Richards: There are many. These probably include: a lack of knowing where or how to begin; not being aware of contemporary methods of interrogating data for insight; a lack of standards and/or adoption of standards – across both data and processes; and the continuing development of systems that use data to progress an operational workflow without also organising that data in an analytics friendly way. 


FST Media: ASX has positioned itself at the vanguard of blockchain innovation, replacing its decades-old clearing and settlement system with Distributed Ledger Technology (DLT) – one that, importantly, ensures a single source of truth on market transactions. How could opportunities from this initiative ripple out to corporate Australia?

Richards: Replacing CHESS with a new DAML (Digital Asset Modelling Language) smart contract-based application with a DLT connection option means we start to lay down a new data and workflow sharing infrastructure for the Australian market. This will be available to more than just stockbrokers, meaning that for the first time institutional investors like super funds and listed companies can directly connect to the replacement of CHESS and interact with their entitled data directly through the ledger. ASX will extend this infrastructure and bring our distributed ledger solutions expertise to corporate Australia. Corporate Australia or any DAML based software development business can develop their own DAML smart contract-based application solutions to operate on ASX’s new DLT infrastructure.

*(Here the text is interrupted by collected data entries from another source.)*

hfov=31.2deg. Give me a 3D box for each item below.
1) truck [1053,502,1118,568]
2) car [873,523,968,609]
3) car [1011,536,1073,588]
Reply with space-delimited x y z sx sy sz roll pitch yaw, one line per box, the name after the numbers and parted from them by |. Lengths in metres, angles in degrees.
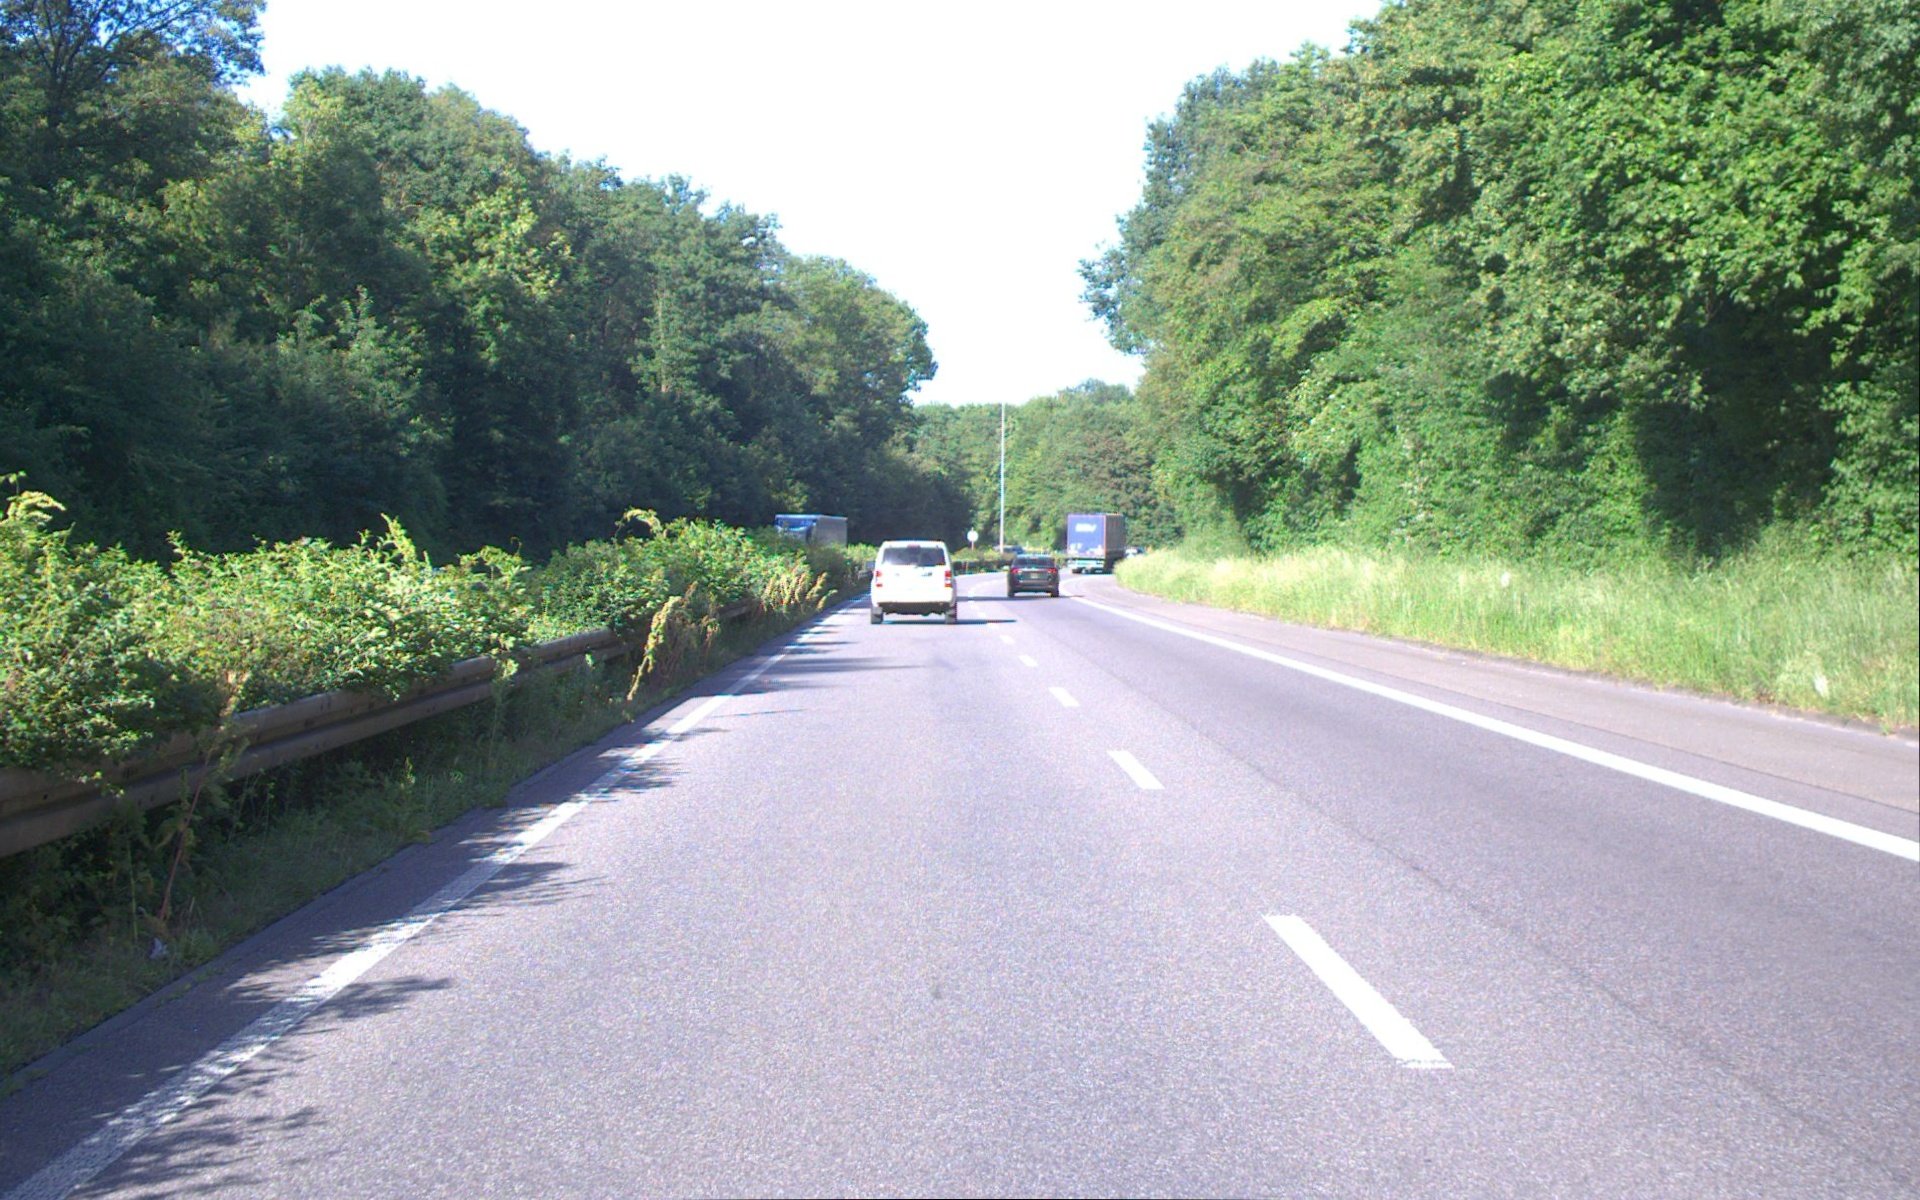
8.538 -4.352 232.975 3.735 4.328 9.302 1 1 6 | truck
-0.865 -0.738 74.217 1.951 1.776 4.588 1 1 -1 | car
2.853 -1.318 120.074 1.951 1.776 4.588 1 1 -1 | car

FST Media: ASX’s complex CHESS replacement has been described as a technological “leap of faith” given that enterprise-level distributed ledger systems remain relatively untested globally. How does ASX balance the imperative to innovate with its responsibility to operate within appropriate risk boundaries?

Richards: ASX’s clearing and settlement businesses are part of Australia’s critical market infrastructure. As such, our systems, operations, and rule books are highly regulated and overseen by ASIC and the RBA for things including market integrity and financial stability. Because of this, we don’t take “leaps of faith”.  What we have done is spent over two years assessing technology solution suitability, including DLT for the replacement of CHESS. At the same time, we consulted with the entire market on what they wanted in any CHESS replacement solution. One of the markets’ main feedback points was to deliver ways to address structural cost inefficiencies in the stock market. Rather than focusing just on ‘fiddling around the edges’, we looked at the root causes of inefficiencies in markets, and in fact many other industries today. One of the key problems we identified was that the markets’ data and workflows are duplicated, siloed, non-standardised, incompatible and therefore error- and latency-prone.

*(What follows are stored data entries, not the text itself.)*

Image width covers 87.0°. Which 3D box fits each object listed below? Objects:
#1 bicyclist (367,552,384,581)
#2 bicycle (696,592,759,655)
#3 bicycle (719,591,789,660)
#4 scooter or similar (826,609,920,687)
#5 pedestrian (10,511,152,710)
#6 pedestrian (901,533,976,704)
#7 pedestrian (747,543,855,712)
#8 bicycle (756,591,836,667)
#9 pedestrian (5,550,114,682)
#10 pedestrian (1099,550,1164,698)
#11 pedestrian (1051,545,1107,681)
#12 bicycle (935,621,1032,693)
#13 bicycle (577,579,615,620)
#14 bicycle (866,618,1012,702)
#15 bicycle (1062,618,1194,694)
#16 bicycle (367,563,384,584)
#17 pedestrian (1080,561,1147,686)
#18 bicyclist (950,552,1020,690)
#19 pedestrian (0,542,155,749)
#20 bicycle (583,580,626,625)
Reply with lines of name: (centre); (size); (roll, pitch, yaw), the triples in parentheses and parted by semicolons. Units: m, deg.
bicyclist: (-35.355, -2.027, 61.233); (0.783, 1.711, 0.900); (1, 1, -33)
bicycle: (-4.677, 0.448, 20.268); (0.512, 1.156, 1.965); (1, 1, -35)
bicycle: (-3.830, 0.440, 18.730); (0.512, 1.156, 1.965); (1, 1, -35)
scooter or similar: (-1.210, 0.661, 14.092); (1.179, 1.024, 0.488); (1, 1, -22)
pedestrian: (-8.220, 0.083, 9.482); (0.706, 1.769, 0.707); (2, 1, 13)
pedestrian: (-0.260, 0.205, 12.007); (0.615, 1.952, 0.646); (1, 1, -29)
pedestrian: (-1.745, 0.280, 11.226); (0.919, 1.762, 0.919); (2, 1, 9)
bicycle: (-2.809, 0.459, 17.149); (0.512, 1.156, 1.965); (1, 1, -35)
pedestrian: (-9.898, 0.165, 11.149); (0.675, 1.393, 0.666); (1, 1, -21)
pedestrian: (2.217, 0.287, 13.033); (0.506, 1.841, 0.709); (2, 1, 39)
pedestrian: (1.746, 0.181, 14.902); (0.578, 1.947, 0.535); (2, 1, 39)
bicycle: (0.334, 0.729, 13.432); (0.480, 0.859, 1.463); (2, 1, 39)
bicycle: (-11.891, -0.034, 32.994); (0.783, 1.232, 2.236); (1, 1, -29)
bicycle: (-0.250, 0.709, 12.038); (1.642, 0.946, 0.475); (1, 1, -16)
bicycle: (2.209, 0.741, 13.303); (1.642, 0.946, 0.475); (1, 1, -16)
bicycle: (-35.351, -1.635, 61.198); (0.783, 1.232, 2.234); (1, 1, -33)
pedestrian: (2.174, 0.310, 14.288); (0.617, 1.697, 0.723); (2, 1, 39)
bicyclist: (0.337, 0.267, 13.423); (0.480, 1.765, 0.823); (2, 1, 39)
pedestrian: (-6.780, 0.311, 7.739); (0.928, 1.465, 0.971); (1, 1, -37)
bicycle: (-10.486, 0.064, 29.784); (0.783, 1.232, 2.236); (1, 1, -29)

The DLT solution we were assessing had several characteristics that can address these issues and allow the market to progressively adopt DLT and common standards to dramatically reduce these frictions over time. The real innovation we believe will be what third parties develop on top of the DLT infrastructure we’re laying down.


FST Media: Do you anticipate others in the FSI or stock/securities exchange space following ASX’s lead, shedding legacy technology for blockchain-based systems? What might spur them to do so?

Richards: Yes – undoubtedly.  However, the use cases they address and the pace at which they do this will vary. Change is hard, and changing a market ecosystem with hundreds of key players is orders of magnitude harder. Keep in mind, existing infrastructure investments will need to run off before many will invest in newer, better replacement technologies. Exchanges are customer driven – so it will be customer demand that ultimately drives their change agenda.


FST Media: As a seasoned corporate leader, you’ve shown a deft hand coordinating successful technology initiatives over recent decades. What advice would you impart to aspiring technology leaders to nurture innovative thinking and get the best out of their teams?

Richards: A great idea is easy; bringing it to life will always be harder than you think. Bring your whole self to the task and use science and art to bring others on the journey. And if you don’t have a sense of humour, it will be even harder!


FST Media:  On a more personal note, what is the best career advice you’ve received and how have you sought to put it into practice?

Richards: To be a servant leader. The best leaders inspire their team with a clear articulation of the vision state we’re all pursuing. Then, do everything you can as a leader to remove the obstacles hampering the team. Allocate problems, not tasks, and allow the team to develop and test their ideas; then guide the decision making and implementation of these.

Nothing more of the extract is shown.